燕灵一时没有反应过来,但见他的目光分别扫过自己的手和膝盖上。这才想得这宫里的事情自然也瞒不过他的。于是应道:“谢三殿下挂怀,臣女的伤并无大碍。”
“死士与谋士……这两者断然有区别。”周晃背手后身叮嘱道。
燕灵淡淡一笑,言道:“三殿下请放心……未达到目的,臣女是不会先死的。”
“你……”周晃目光微变,继续说道:“太子与薛凤栖大婚在即……你知道意味着什么?”
燕灵思量片刻,应道:“薛家的权力更大,野心就会越大,破绽也就越多……”
“没有了?”周晃追问道。
燕灵望着周晃的眼睛,却在说出话的前一瞬间,轻垂下眼帘,这才答道:“请殿下明示。”
“罢了,”周晃难得浮现一丝笑意,却是带着郁色,不再追问。
只让荆平上前奉上一锦盒给燕灵。
“给我的?”燕灵望着周晃说道,见周晃未多言一句,只沉默地递上锦盒,燕灵便也接过手来。

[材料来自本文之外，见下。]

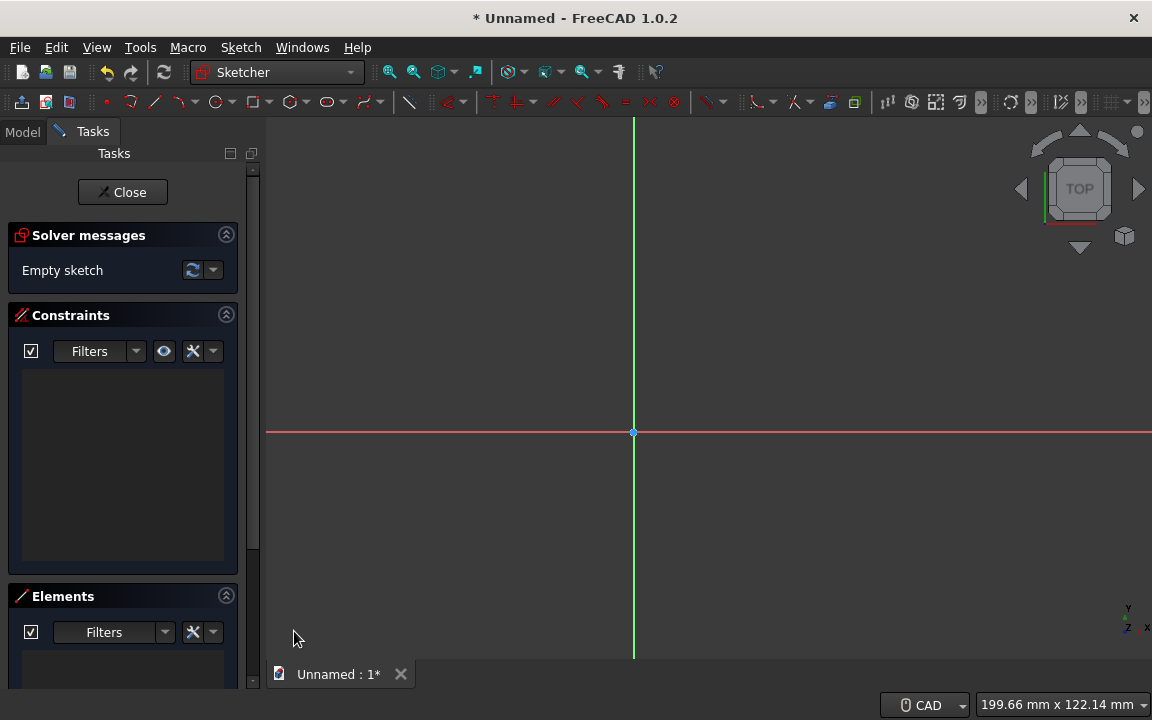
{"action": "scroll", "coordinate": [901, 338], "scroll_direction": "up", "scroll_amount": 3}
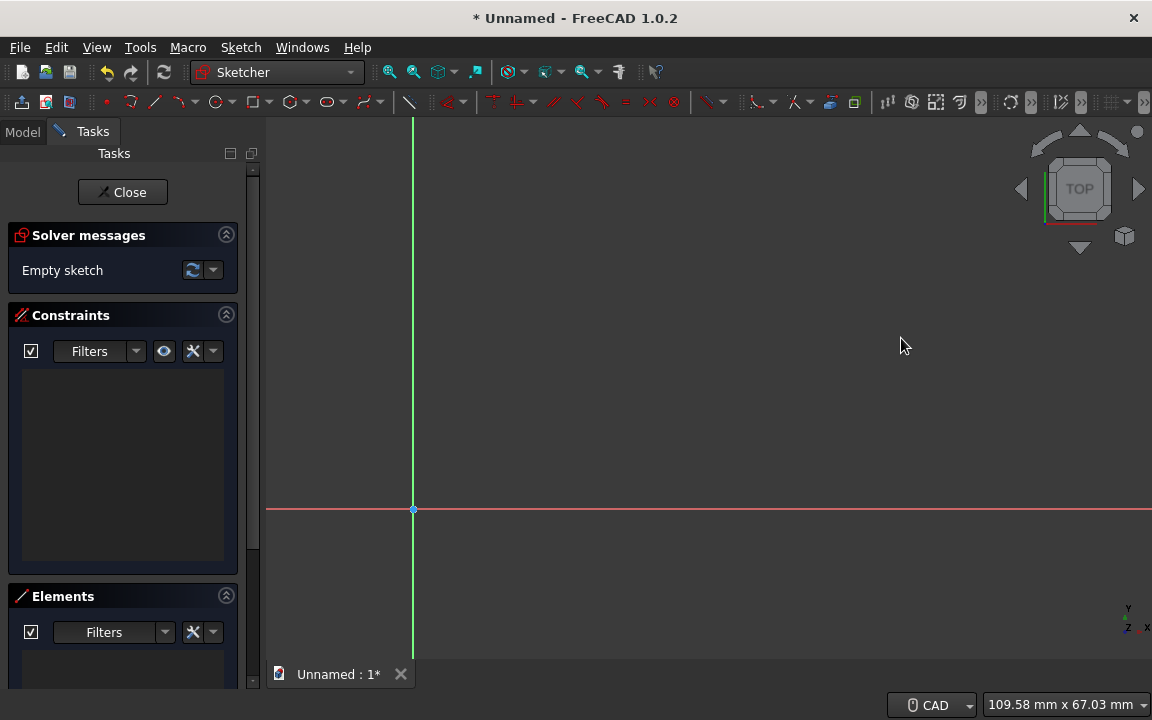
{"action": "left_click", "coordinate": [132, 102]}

打开里面是一只精致的紫铜手炉。炉身忍冬团花纹饰素而精。本草纲目有云:忍冬‘久服轻身,长年益寿’意头又好,又不入俗套,更显雅致独特。
荆平替周晃解释道:“听闻姑娘畏寒,主子特去定制的。这手炉是出自名家之手。炉壁厚薄均匀,炉中炭火烧得很旺,但摸上去却不会烫手。”
“谢三殿下。”
“你能喜欢就好。”周晃说完,转身离开。四周静的只留下他踏足雪地的脚步声,那件墨狐皮的大氅着在他的身上,带着淡淡的落寞。
“荆平……”燕灵叫住比周晃晚一步走的小厮荆平。
“姑娘有何吩咐?”荆平恭敬询问道。
“你家主子最近嗓子不好,给他熬点川贝枇杷露喝吧。”燕灵嘱咐道。
“是。”荆平一愣,恭敬应道,这才匆匆追过周晃的脚步而去。
燕灵转身,这才发现书楼之上孝阳公主一直站在自己曾经站着的二楼窗边。发现自己也在瞧着她,这才立马缩回头去。